# LCD Matrix



## Jayfears (Aug 16, 2011)

I am trying to set up two LCD screens on top of one another vertically. And it looks like the resolution would be 3840 tall and 1080 wide. What gear would I need to to this to make it look right. I am using a pair of NEC that have matrix built in, but it looks like it is stretching it.


----------



## metti (Aug 16, 2011)

What are you using to feed them content. Most media servers or video playback programs can handle the processing for you but it all depends on where the content is coming from.


----------



## Jayfears (Aug 17, 2011)

I can use many different things (computer, BluRay). But I was hoping to keep it simple. 

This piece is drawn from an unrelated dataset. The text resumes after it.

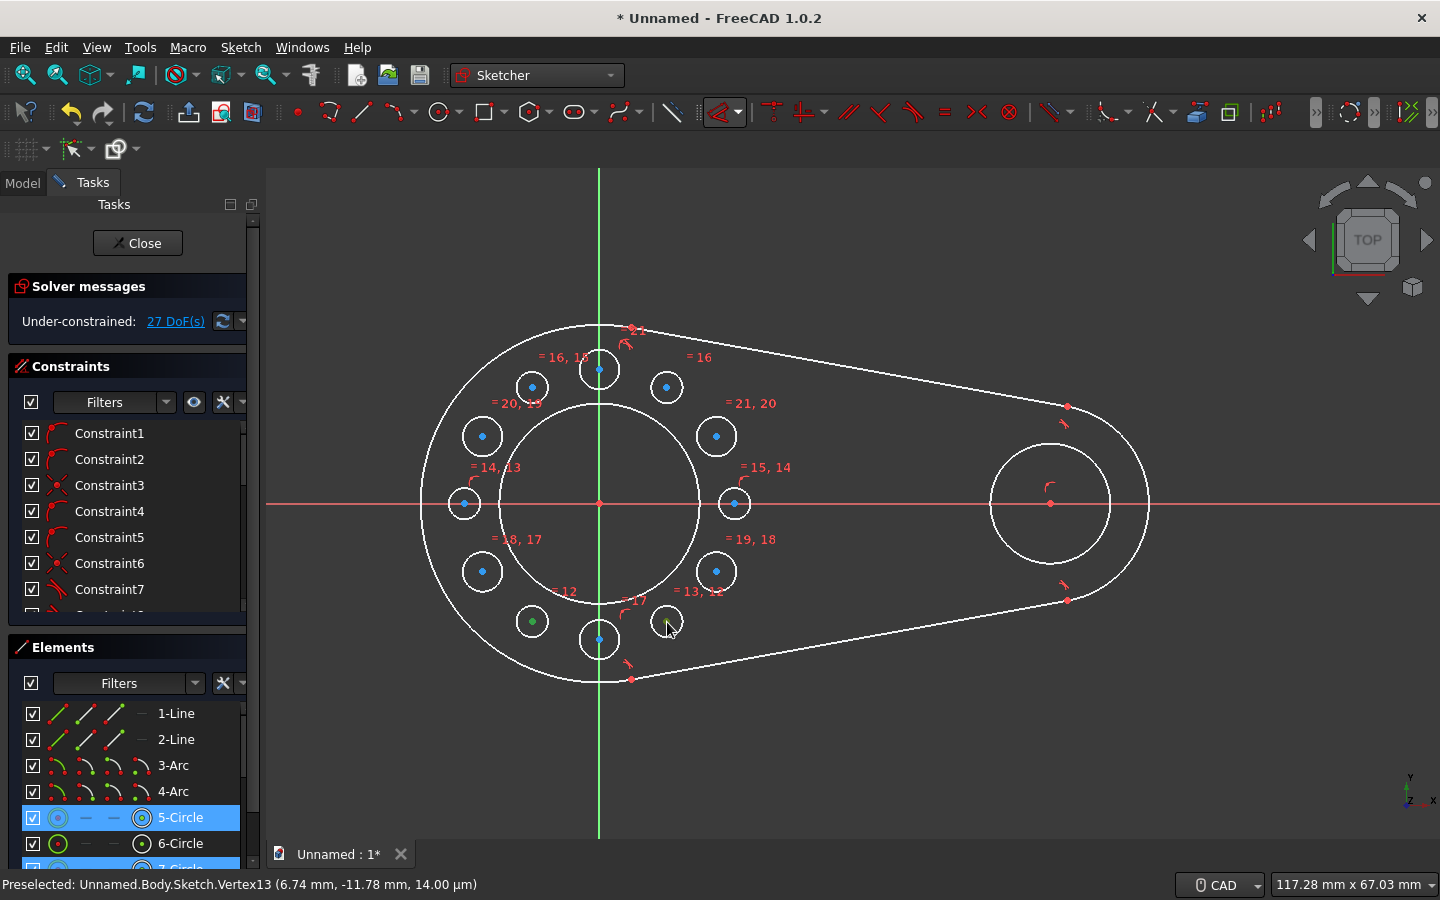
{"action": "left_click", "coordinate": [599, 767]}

Was thinking of feeding it from a DVD player. The NEC have built in video wall, but I'm not sure if the resolution will be right. What would suggest for the easiest set up?


----------



## museav (Aug 17, 2011)

What are you trying to do? It sounds like you are taking two portrait mode displays and tiling them, which is going to result in what is effectively a single display with the 1080x3840 resolution and 9:32 format image you noted. I've never tried or seen a tile matrix with portrait mode displays, much less one that is two displays high and one wide, so I do not know for sure what will happen. However, if it works then I assume the content, or at least the portion of it you want to display, would need to be 1080x3840 resolution or it will be manipulated to fit that resolution and format. So feed the displays a 1920x1080, 16:9 signal and they will probably either zoom in on the center 304x1080 portion of the original image and scale that to 1080x3840 or will squeeze the original 1920 horizontal resolution of the image to 1080 while stretching the original 1080 vertical resolution to 3840. If you want anything beyond that you will likely have to look at an external processor rather than relying on the tile matrix functionality.


----------



## metti (Aug 17, 2011)

How are you going to use a DVD or BluRay player to feed content of such a non-standard aspect ration/resolution? Something like a Datapath x4 would allow you to do all the processing you need with a dedicated piece of hardware instead of relying on the source computer but you would still need to feed it content of the correct dimensions.


----------